U.S.S.G. Manual § 1B1.10(a) (2009). Terrell argues that the court is authorized to reduce his sentence pursuant to Amendment 599 of the U.S.S.G. Specifically, Terrell contends that Amendment 599, which amended Application Note 4 to § 2K2.4 in 2000, precludes a four-level enhancement that the court applied to Terrell's sentence for the § 922(g) count.
In factoring Terrell's sentence for the § 922(g) count, the court applied the cross reference in § 2K2.1(c)(1)(A), which instructs the court to calculate a sentence using § 2X1.1 "[i]f the defendant used or possessed any firearm in connection with the commission or attempted commission of another felony or offense." Section 2X1.1 provides that the base offense level and any adjustments are taken from the guideline for the substantive offense. The court, therefore, calculated Terrell's base offense level under § 2A2.1(a)(1) (Assault with Intent to Commit Murder; Attempted Murder), and it imposed a four-level enhancement under § 2A2.1(b)(1)(A) because the victim sustained permanent or life-threatening injuries.
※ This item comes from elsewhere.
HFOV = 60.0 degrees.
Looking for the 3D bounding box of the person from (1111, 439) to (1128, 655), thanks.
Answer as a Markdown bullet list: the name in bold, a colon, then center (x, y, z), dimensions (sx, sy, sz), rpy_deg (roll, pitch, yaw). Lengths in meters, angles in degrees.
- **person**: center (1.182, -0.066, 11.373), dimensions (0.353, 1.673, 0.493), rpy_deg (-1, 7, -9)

Terrell challenges the court's application of the four-level enhancement, contending that it is prohibited by Application Note 4 to § 2K2.4.
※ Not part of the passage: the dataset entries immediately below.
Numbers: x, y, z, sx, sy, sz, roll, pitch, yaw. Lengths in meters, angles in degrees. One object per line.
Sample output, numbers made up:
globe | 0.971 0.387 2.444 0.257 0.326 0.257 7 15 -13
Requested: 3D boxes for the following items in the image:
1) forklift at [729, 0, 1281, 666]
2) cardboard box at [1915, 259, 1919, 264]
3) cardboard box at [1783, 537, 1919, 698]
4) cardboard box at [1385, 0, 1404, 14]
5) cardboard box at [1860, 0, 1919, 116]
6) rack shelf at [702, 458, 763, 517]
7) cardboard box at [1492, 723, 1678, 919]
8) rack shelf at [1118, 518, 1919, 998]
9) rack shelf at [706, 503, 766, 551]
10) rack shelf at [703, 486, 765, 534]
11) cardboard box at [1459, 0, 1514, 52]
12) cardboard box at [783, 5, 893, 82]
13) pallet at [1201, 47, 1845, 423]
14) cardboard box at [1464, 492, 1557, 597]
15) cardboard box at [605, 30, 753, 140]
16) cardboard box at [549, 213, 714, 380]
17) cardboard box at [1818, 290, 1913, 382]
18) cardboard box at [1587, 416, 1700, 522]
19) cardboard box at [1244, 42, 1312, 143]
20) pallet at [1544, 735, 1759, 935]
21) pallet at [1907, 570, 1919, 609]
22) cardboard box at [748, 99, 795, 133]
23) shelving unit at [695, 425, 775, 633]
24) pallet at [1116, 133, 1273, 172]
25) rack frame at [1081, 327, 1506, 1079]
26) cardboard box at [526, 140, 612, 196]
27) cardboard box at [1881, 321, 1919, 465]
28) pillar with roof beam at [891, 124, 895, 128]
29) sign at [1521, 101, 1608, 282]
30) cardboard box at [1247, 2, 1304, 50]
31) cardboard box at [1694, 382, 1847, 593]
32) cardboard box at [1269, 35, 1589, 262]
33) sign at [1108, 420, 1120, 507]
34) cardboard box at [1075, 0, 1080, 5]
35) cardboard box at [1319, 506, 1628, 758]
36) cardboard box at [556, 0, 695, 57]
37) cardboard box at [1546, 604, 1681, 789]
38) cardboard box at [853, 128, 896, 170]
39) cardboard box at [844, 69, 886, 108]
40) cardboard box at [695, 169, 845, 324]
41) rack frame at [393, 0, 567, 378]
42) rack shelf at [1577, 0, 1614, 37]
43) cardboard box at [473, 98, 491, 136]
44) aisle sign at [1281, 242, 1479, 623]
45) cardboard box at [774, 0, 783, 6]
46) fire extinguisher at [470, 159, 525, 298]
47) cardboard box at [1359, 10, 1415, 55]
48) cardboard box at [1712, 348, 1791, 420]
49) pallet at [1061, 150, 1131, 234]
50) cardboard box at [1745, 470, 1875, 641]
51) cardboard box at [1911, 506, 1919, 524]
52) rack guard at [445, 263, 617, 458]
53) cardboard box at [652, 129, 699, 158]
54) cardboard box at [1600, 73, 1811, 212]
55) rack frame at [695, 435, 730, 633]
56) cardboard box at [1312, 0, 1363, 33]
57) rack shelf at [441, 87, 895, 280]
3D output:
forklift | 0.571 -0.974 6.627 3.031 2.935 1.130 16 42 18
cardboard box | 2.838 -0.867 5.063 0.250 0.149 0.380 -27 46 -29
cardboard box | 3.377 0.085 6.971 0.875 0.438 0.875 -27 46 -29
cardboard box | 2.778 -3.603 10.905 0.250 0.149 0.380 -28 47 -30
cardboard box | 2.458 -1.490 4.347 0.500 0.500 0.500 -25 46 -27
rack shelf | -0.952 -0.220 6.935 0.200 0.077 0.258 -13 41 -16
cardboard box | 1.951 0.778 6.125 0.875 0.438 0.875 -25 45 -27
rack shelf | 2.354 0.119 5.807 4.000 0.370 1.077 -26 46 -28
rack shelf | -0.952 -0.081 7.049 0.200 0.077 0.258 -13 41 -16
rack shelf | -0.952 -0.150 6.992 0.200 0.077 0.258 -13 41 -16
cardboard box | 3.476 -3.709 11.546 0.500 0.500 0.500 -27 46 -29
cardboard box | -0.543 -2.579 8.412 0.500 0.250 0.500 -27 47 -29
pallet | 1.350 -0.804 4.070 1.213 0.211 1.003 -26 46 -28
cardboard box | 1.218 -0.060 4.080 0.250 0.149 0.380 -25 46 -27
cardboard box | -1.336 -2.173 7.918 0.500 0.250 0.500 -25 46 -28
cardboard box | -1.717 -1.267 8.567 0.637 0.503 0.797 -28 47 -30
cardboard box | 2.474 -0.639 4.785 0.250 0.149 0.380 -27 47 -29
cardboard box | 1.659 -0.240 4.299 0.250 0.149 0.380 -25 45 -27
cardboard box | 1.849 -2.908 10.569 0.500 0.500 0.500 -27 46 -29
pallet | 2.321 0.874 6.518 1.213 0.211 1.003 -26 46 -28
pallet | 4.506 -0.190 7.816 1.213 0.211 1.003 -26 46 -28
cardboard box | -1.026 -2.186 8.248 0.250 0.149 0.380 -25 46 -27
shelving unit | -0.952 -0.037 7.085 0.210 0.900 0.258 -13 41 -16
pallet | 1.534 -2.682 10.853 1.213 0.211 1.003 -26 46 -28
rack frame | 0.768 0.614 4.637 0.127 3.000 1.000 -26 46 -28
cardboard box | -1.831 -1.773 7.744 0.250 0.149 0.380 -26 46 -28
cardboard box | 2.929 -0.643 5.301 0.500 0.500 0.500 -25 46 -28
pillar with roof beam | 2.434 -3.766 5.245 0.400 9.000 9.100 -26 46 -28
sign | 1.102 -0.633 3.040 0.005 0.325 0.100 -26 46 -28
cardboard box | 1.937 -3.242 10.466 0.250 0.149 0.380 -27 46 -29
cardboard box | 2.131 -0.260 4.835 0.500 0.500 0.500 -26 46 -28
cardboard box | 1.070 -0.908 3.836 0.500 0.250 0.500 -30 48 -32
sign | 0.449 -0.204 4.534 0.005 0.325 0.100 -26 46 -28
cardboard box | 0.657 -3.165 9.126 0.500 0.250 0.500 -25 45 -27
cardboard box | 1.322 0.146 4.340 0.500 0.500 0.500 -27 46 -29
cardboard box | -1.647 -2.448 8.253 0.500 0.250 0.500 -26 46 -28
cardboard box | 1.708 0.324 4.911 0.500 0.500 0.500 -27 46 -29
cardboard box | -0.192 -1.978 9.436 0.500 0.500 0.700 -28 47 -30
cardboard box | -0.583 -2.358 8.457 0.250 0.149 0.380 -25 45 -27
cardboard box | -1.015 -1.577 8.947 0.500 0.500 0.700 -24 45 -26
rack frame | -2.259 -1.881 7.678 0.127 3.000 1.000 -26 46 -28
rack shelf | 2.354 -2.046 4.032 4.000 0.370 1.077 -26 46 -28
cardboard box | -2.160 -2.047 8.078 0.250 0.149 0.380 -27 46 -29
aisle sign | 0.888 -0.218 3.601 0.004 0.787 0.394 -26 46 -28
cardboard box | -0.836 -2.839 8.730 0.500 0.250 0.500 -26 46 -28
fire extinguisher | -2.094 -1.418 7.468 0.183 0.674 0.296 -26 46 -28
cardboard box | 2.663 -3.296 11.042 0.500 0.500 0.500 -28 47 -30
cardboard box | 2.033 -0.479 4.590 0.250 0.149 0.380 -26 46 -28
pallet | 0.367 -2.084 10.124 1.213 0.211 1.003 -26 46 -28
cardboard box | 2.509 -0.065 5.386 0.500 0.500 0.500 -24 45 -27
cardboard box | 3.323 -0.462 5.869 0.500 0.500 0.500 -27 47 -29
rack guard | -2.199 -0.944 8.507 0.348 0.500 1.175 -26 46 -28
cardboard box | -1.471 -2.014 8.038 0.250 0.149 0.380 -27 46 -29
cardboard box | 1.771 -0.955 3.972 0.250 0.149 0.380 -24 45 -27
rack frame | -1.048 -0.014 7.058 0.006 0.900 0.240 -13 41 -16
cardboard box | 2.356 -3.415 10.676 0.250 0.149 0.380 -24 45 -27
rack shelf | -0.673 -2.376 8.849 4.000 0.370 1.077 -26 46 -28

The Sentencing Commission amended Application Note 4 "to clarify under what circumstances defendants sentenced for violations of 18 U.S.C. § 924(c) in conjunction with convictions for other offenses may receive weapon enhancements contained in the guidelines for those other offenses." U.S.S.G. Manual app. C (Nov. 1, 2003) amend. 599. In its current form, Application Note 4 provides that "[i]f the . . . weapon that was possessed . . . in the course of the underlying offense also results in a conviction that would subject the defendant to an enhancement under § 2K1.3(b)(3) . . . or § 2K2.1(b)(6) . . ., do not apply that enhancement." Application Note 4, therefore, avoids duplicative punishment by proscribing weapons enhancements for conduct that is already accounted for in the sentencing calculus for related conduct. See U.S.S.G. § 2K2.4 cmt. n. 4 (2009). Terrell contends that application of the four-level enhancement for the victim's permanent or life-threatening injuries contravenes § 2K2.4 because that conduct "was already taken into account in determining [his] guideline range under § 2B3.1(b)(3)(c)." (Mot. Modification Sentence 4.)
Terrell's reliance on Amendment 599 and Application Note 4 is misplaced. As explained above, Amendment 599 was drafted to clarify the circumstances under which sentencing courts could impose a weapons enhancement. Here, the court imposed a four-level enhancement because the victim sustained permanent or life-threatening bodily injury. Terrell effectively asks the court to interpret Application Note 4 as imposing a bar not only to certain weapon enhancements, but also enhancements under § 2A2.1(b)(1)(A). The court declines to do so.
It is therefore
ORDERED that Terrell's motion for a reduction of sentence, docket number 94, is denied.
IT IS SO ORDERED.
Greenville, South Carolina November 3, 2010
NOTICE OF RIGHT TO APPEAL
MOvant is hereby notified that he has the right to appeal this order within the (10) days from the date hereof, pursuant to Rule 4 of the Federal Rules of Appellate Procedure.